It is an admission of defeat. Iraq is turning into one of the world's bloodiest battlefields in which nobody is safe. Blind to this reality, Tony Blair said yesterday that Britain could safely cut its forces in Iraq because the apparatus of the Iraqi government is growing stronger. In fact the civil war is getting worse by the day…And, while withdrawing troops seems to be in accord with the majority sentiment, according to a BBC online poll, which records 72 percent in favour – there is still a sizeable minority which agues that we should stay until the job is done, if necessary, increasing the number of troops deployed.
On reflection, though, what is actually happening is neither one thing nor the other. We are not retreating entirely. In fact, what is emerging is that the troop cuts were not as large as were expected – or the Army had planned-for – and the rate at which the garrison will be cut, over term, is not as fast as predicted. Some sources are suggesting that at least 4,000 troops will be kept in Iraq until at least 2012.

Nevertheless, the force is not to be increased and, while Blair confidently asserts that it will be available to support the Iraqi security services "in an emergency", this might not be as easy as he appears to make out. Stuck out of town in a single location, with a very limited road network, British forces intent on intervention will be prey to ambushes and, given their distance from any action, their ability to react swiftly to events will be severely circumscribed.
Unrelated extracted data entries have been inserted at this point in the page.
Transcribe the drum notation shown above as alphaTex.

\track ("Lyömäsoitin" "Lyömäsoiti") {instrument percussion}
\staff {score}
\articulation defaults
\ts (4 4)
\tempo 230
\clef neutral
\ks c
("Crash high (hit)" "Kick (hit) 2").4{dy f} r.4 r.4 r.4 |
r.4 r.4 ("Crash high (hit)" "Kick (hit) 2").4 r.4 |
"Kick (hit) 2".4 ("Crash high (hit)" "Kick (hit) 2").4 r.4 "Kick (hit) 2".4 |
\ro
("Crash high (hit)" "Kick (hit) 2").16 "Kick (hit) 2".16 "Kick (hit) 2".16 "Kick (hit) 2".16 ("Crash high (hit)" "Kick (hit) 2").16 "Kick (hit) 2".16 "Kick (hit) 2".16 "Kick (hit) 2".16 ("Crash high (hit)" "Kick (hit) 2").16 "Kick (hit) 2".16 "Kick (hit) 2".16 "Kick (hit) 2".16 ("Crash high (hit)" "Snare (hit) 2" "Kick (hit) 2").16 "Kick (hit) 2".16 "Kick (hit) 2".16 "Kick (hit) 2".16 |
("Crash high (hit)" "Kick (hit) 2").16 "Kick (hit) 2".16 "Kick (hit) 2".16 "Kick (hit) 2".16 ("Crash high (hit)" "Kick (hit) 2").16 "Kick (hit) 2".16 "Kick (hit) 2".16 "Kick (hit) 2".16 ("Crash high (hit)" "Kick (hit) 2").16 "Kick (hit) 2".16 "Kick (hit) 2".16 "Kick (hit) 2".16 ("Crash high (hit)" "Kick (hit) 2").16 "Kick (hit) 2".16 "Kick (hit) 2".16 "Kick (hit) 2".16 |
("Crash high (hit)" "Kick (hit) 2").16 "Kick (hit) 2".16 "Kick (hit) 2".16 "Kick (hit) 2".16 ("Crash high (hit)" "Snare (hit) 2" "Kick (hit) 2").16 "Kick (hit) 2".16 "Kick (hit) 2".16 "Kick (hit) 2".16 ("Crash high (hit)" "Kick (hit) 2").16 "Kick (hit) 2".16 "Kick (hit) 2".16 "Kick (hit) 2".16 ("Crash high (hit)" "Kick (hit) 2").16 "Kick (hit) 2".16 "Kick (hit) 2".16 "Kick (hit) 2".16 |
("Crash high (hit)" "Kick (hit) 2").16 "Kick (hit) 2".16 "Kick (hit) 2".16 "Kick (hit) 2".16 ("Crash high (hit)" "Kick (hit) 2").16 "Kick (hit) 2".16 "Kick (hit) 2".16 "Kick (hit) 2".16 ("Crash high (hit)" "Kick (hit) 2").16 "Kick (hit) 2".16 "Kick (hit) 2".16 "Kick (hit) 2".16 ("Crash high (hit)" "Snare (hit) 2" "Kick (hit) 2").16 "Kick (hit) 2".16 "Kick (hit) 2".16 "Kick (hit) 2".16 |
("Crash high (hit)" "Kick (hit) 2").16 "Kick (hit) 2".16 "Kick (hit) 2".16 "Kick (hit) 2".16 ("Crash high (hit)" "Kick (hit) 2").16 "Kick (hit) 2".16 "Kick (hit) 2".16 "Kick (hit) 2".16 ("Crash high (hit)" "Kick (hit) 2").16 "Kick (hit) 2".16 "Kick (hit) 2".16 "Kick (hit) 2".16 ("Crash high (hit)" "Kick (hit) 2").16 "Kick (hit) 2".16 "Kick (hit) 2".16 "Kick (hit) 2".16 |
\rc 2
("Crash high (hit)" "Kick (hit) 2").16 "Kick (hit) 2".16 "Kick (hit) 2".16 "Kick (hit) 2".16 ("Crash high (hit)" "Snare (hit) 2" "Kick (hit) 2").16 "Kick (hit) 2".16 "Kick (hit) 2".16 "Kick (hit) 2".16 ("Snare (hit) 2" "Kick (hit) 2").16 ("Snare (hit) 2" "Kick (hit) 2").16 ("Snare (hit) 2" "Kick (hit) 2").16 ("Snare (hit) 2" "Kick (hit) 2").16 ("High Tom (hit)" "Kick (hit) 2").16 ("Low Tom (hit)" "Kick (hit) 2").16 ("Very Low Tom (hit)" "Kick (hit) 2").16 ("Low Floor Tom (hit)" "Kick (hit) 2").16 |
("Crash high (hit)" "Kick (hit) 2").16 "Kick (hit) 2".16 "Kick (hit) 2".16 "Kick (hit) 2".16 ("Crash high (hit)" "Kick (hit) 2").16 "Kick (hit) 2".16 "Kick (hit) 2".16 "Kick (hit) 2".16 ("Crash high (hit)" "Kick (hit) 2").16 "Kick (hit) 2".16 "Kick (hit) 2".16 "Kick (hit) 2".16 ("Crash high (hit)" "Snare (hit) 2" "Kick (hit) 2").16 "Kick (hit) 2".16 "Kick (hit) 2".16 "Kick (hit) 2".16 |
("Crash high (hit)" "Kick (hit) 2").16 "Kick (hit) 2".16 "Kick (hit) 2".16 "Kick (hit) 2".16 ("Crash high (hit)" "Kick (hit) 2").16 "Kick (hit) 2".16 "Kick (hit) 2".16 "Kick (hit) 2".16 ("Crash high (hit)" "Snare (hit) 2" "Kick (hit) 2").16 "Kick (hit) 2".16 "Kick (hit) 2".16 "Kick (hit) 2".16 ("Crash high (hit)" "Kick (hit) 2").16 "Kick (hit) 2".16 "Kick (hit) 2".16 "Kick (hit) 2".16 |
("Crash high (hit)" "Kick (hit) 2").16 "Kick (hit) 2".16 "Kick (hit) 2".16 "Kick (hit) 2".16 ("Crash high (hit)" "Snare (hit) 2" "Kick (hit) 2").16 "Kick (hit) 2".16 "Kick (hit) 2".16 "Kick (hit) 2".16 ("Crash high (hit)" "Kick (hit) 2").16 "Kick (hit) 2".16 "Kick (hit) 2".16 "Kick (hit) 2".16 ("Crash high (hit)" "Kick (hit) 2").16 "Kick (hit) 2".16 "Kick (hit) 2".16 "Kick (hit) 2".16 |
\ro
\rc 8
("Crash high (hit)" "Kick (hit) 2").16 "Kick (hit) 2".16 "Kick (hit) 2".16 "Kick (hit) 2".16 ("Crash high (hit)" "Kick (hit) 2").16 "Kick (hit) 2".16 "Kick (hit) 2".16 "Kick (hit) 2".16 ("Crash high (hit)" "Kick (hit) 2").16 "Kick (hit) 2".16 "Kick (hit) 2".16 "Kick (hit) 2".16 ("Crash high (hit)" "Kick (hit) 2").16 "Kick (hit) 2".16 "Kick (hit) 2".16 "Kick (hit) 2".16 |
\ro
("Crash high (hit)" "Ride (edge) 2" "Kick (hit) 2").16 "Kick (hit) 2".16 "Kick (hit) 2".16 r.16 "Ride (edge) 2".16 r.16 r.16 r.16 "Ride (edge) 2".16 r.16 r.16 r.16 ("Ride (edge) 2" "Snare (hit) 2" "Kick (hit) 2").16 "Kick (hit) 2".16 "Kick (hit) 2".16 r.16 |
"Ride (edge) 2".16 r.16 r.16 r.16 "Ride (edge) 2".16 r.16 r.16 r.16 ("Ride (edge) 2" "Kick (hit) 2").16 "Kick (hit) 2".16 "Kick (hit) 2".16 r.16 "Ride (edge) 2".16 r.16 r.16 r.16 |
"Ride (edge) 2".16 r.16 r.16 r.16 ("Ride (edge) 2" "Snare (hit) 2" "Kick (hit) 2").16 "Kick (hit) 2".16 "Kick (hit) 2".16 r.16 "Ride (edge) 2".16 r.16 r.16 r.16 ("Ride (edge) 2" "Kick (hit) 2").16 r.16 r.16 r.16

We are thus in exactly that situation which we highlighted in May last year, when we published a piece entitled "Shape up or get out". I wrote, of the situation in Iraq:
As it stands, with too few troops on the ground to make a difference, in a hostile environment with no clear mandate, and with inadequate equipment that makes them extremely vulnerable targets, we cannot see what Mr Blair thinks he is achieving by having them there.What is particularly troubling though is that, while Blair presents a glowing account of the success of British operations in southern Iraq, claiming also that Iraq has made "remarkable" progress, an article in The Times confirms that which our own observations already tell us, that security in Basra is worse now than it was three years ago. The report states:
If this is just gesture politics, and there is no intention to send reinforcements and new equipment – and it is hard to see how this could be done - then our soldiers' lives are worth more than that. They should be withdrawn. In other words, Mr Blair, shape up or get out.
On military charts, significant swaths of the southern city are security coded scarlet, for unsatisfactory. Other zones are marked green, satisfactory, or amber, between the two. Levels of violence and anti-coalition attacks are far lower in the Shia-dominated south than the Sunni triangle around Baghdad. But British casualties have been increasing over the last year, with more than ten soldiers killed and 60 injured since November.It then falls to The Daily Telegraph to tell us that "violence will intensify" in the battle for Basra as Shia insurgent groups try to kill more soldiers than their rivals to show who is strongest. For the coming months, the soldiers in the three barracks in Basra will continue to present rogue militias with one potential target after another.
This is by Thomas Harding who has at least the value of faithfully echoing the Army establishment view.
Thus it is he who conveys the particularly noxious view that the Army's continued presence has now become part of the problem, inviting the obvious and intended conclusion that, if only all the troops ran away, the "nasties" would stop doing nasty things like shooting at them, mortaring them and blowing them up with concealed roadside bombs.
Nevertheless, Harding faithfully repeats the establishment line, declaring, "…without thousands of extra troops there is little else the British could have done."
Therein lies a very part of the problem for, from being a "can do" organisation which had no problem bullying worried farmers at the height of the 2001 Foot & Mouth epidemic, the Army - in the face of an enemy that can shoot back - seems to have acquired the aura of a defeated force, exuding negativity. Thus, despite the technology and the tactics being well established (and successful), the Army is acting as if it has lost the will to win and is simply serving out its time, waiting to go home, where it can play with its new toys in peace and safety.

Thus it is that The Telegraph leader churns out its usual, Anglo-centric drivel, this time calling in aid Richard Dannatt who, we are reminded, has called for an early withdrawal "on the grounds that our military presence is exacerbating the security situation".
One wonders how Monty would have dealt with this fine piece of military logic on the eve of the final battle of el Alamein… "Withdraw your troops and those nasty Germans and Italians will stop shooting at you," the siren voices would have said. It is as well then that our forebears were made of sterner stuff. And, once upon a time, so was the Telegraph.